Most of my mum’s stories about him focused on Gallipoli, and the fact that he had nightmares about the campaign for years afterwards. I’m pretty sure now that those tales, and her stories of what happened in the second world war stimulated my interest in history – it was always one of my favourite subjects in school. But one thing she told me stuck in my mind, and made me think about the ways in which history affects individual people and families. For she told me that my grandfather’s brother – my great-uncle – joined the New Zealand army in 1914, and the brothers met for the first time in twelve years in the trenches of the Gallipoli peninsula. I have a feeling that she might have made that bit up then convinced herself it was true, but I didn’t really care. It was something that felt as if it should be true anyway.

Fast forward more than forty years, and the boy who listened to those stories is now a writer of children’s books who has been slowly drawn into writing historical fiction. I’d often thought about that story, and with the centenary of the Gallipoli campaign looming (in April 2015), I knew it was the right time. Over the years I’d read a lot about the first world war, and knew that the Gallipoli campaign had been a terrible experience for all the men involved – the Aussies and Kiwis of the ANZAC brigades, the British and French soldiers, the Turkish soldiers too. I’d also found out that hundreds of thousands of orphans and children in care had been packed off to Australia, New Zealand and other parts of the Empire – and that they’d been lied to and abused as well. So I knew I really did have a great human story to tell.

I was also very lucky that Barrington Stoke decided to publish Anzac Boys, as it came to be called. I’ve written a lot of books for Barrington Stoke, and they’re always great to work with – but they excelled themselves with Anzac Boys. My editor Emma Baker gave me some terrific advice on how to tell the story, and the finished product looks wonderful, with marvellous illustrations by Ollie Cuthbertson. It really was a very moving moment when I first saw a finished copy of the book – for a brief moment I felt like that boy listening to his mother’s stories again. The only sad thing is that my mum won’t be able to appreciate it – she’s 89, but has dementia.

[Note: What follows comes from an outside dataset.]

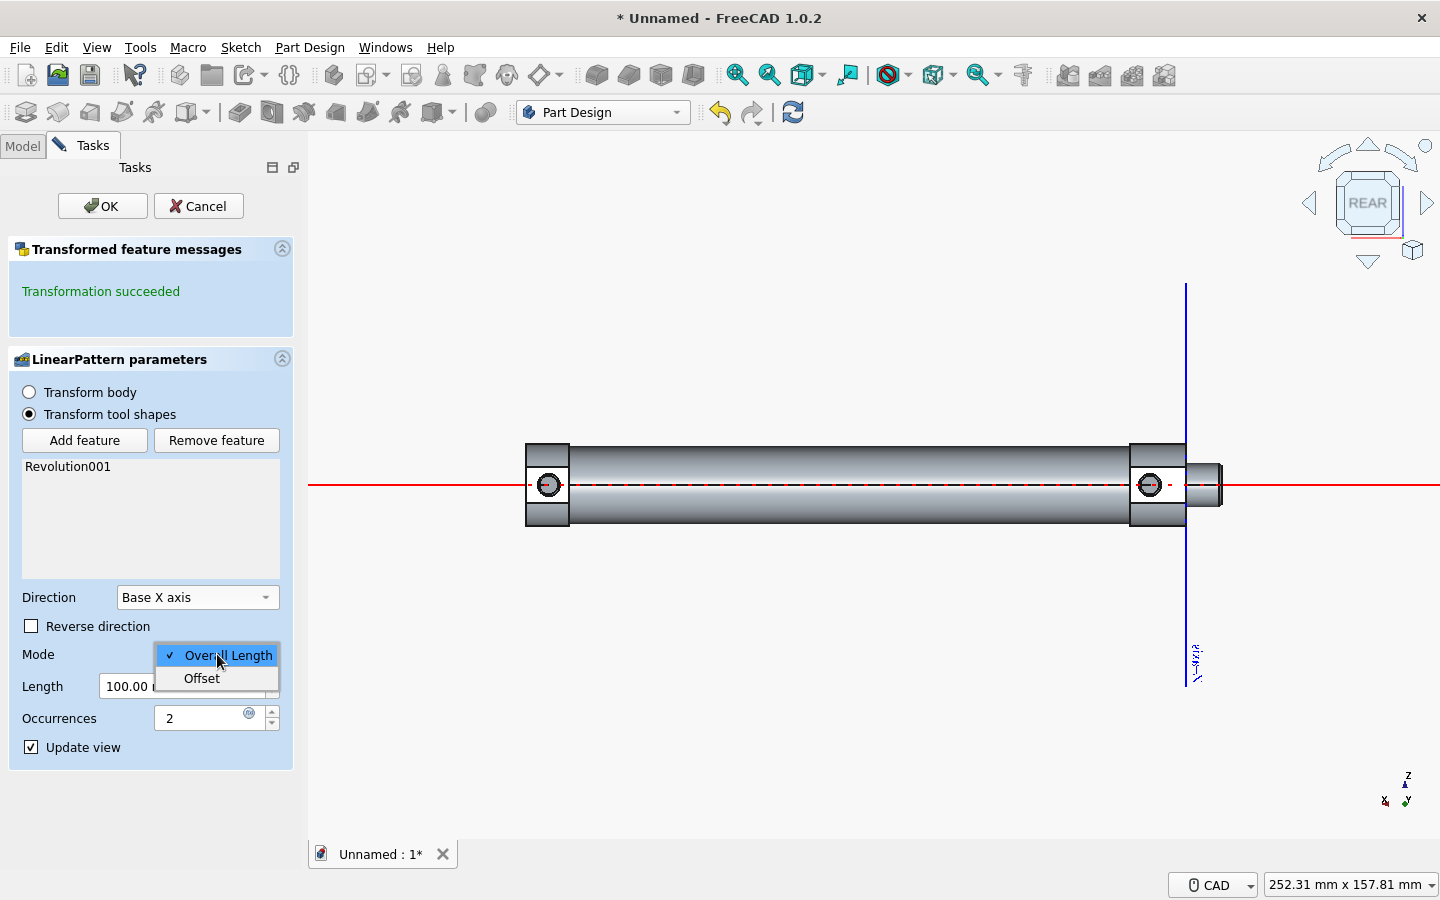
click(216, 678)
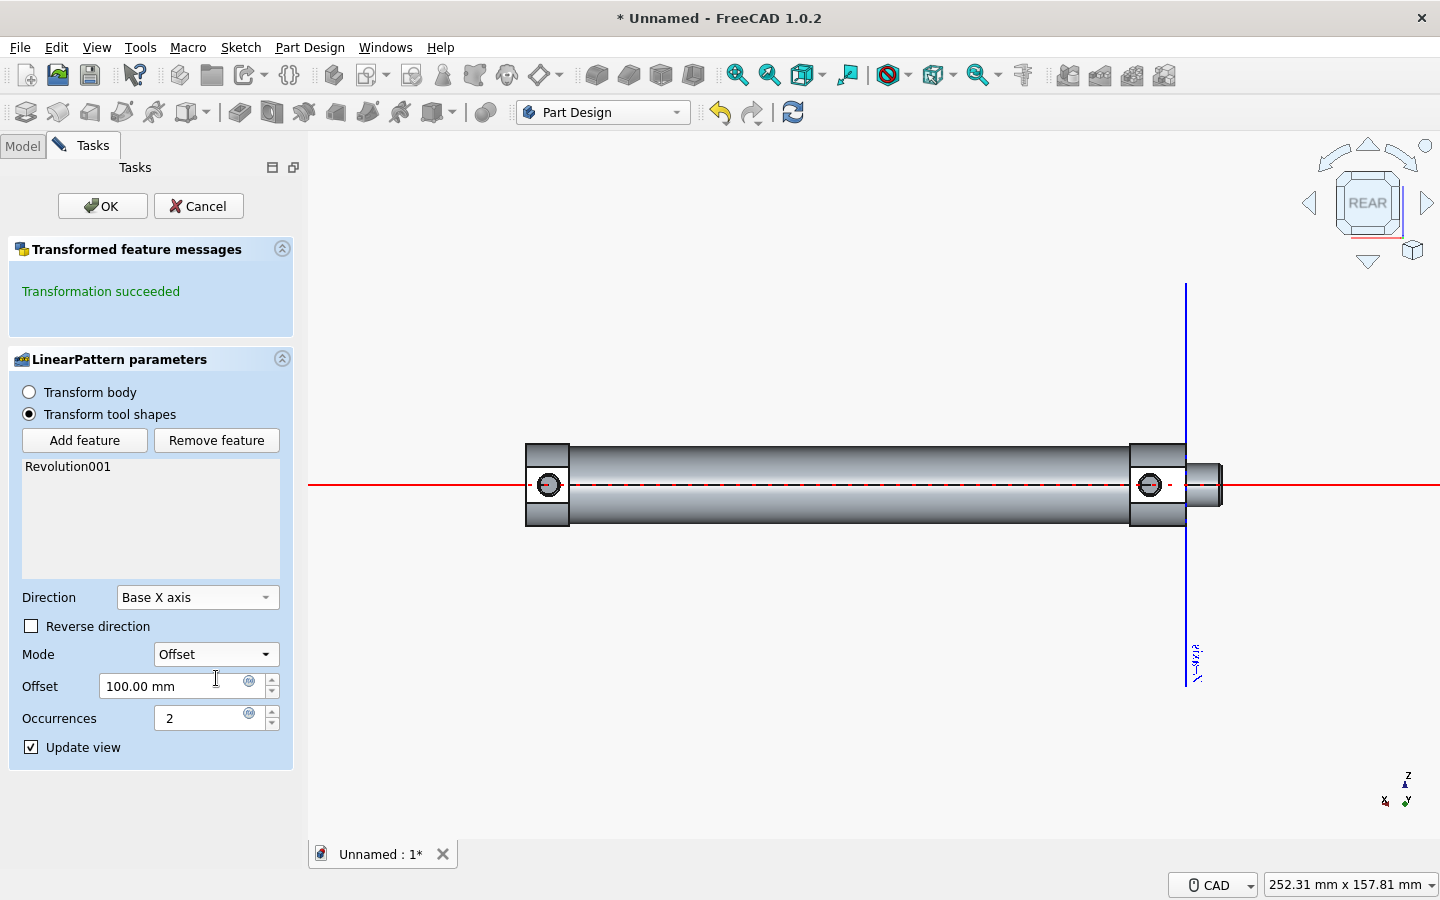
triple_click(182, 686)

Anzac Boys is certainly in good company on the Barrtington Stoke list – there have been a lot of first world war books to commemorate the centenary, but Barrington Stoke’s other titles on the subject certainly stand out for me. I love Linda Newbery’s Vera-Brittain-influenced tale of a young volunteer nurse and the officer she loves, Tillys Promise. Tom Palmer’s gripping Over the Line manages to combine football and the war in a tale based on a true story. And Catherine MacPhail’s Stars Shall Be Bright builds a haunting fairy tale out of another true story, a train crash in the first world war in which the bodies of three unidentified children were found.

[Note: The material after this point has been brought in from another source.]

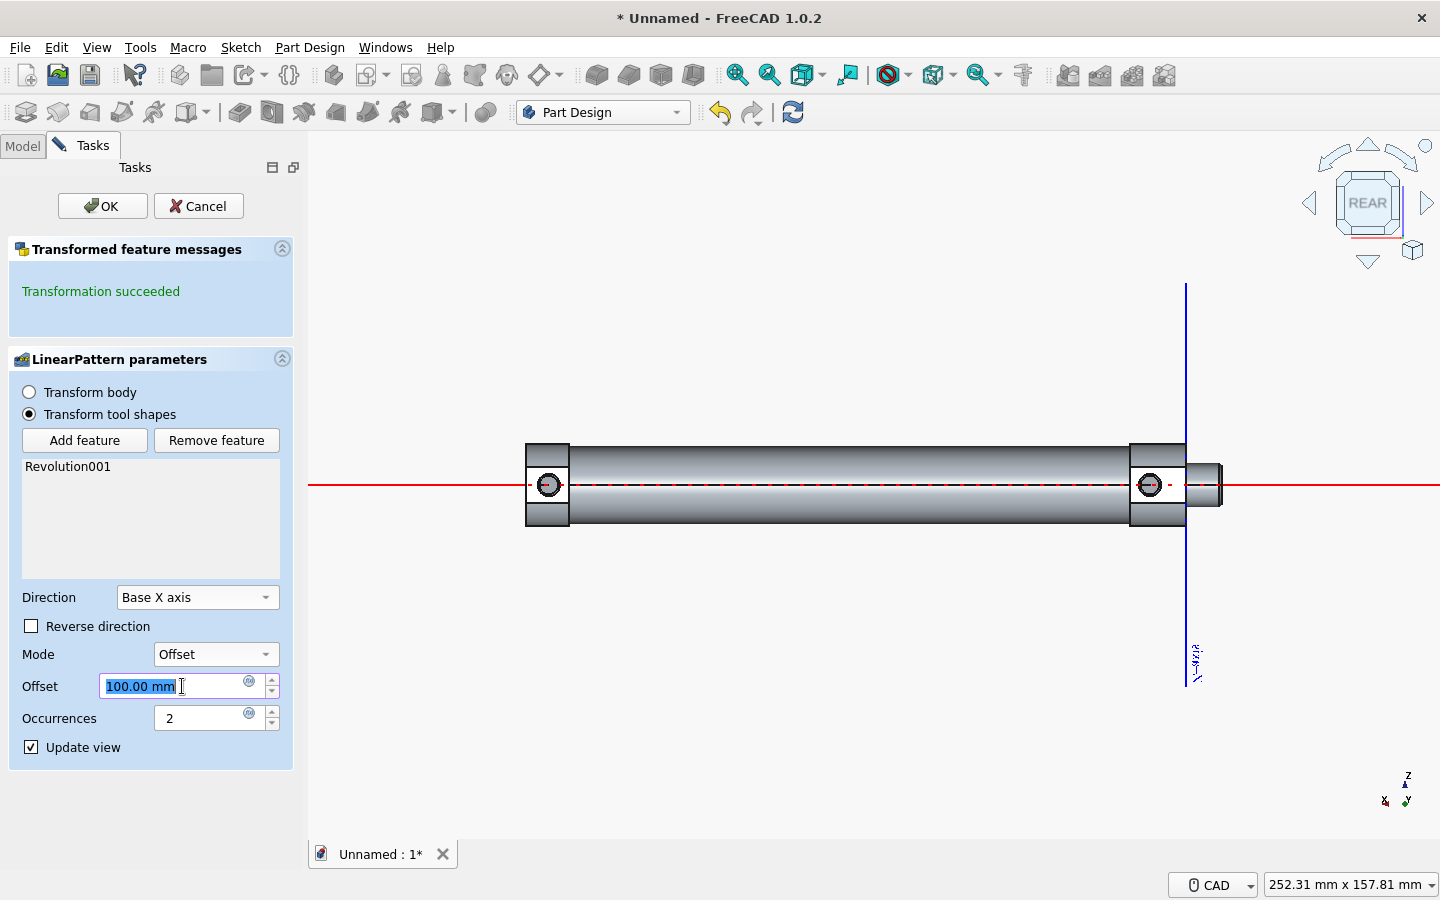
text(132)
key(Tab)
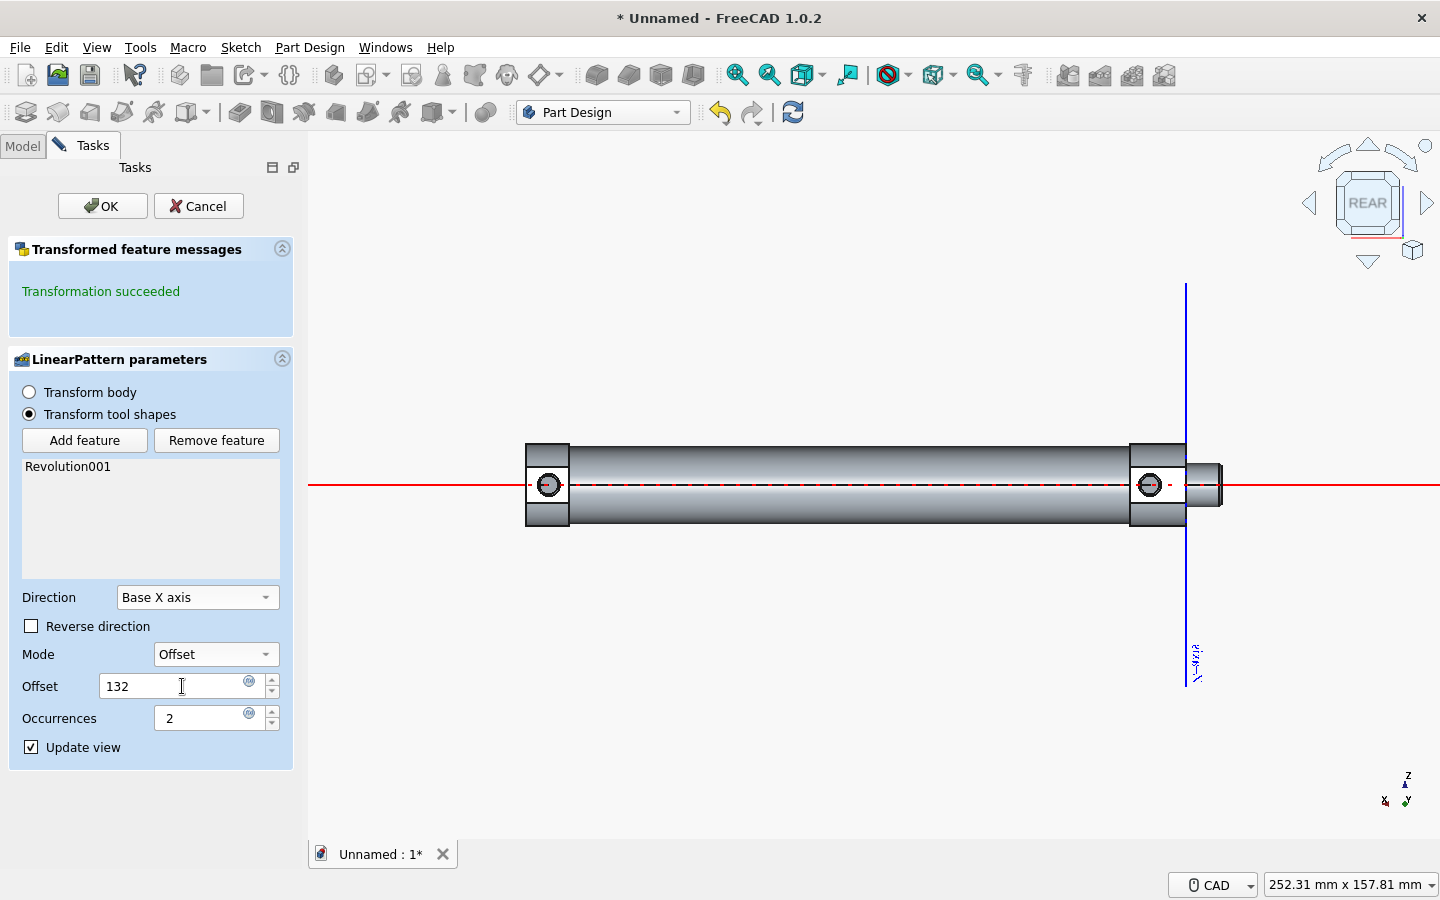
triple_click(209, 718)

One phrase that keeps coming back to me as I read these stories about the first world war is something the great war poet Wilfred Owen said about his own work – ‘The poetry is in the pity’. My mother gave me a great gift – a combination of truth and storytelling that enabled me to see how true those words of Owen’s are. I hope I’ve managed to convey at least some of that in Anzac Boys – and that if they could have read the book, she and her dad would have liked what I’ve done.